Required work:
All of the data, except its images, should be set down exactly as it appears.

Given data:
——————

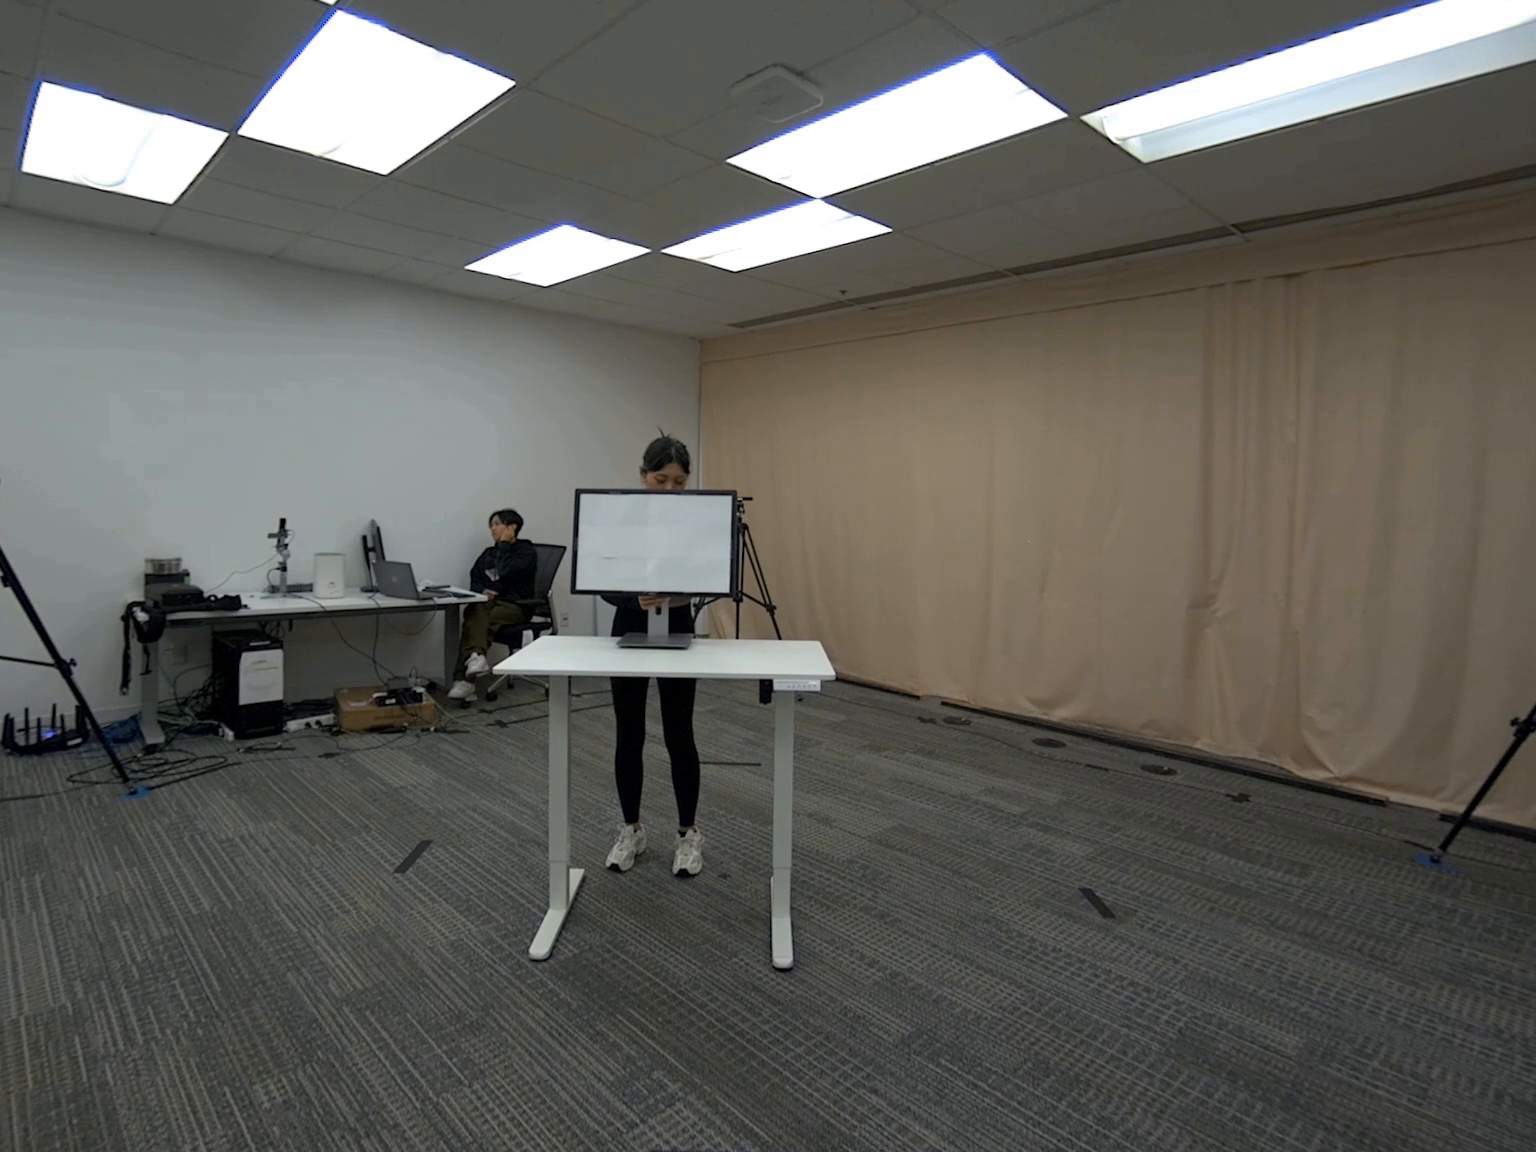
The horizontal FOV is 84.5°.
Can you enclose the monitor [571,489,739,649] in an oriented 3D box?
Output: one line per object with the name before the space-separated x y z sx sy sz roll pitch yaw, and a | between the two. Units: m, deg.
monitor | -0.388 -0.023 2.891 0.540 0.520 0.187 0 6 3

——————

Problem solution:
The horizontal FOV is 84.5°.
Can you enclose the monitor [571,489,739,649] in an oriented 3D box?
Output: one line per object with the name before the space-separated x y z sx sy sz roll pitch yaw, and a | between the two. Units: m, deg.
monitor | -0.388 -0.023 2.891 0.540 0.520 0.187 0 6 3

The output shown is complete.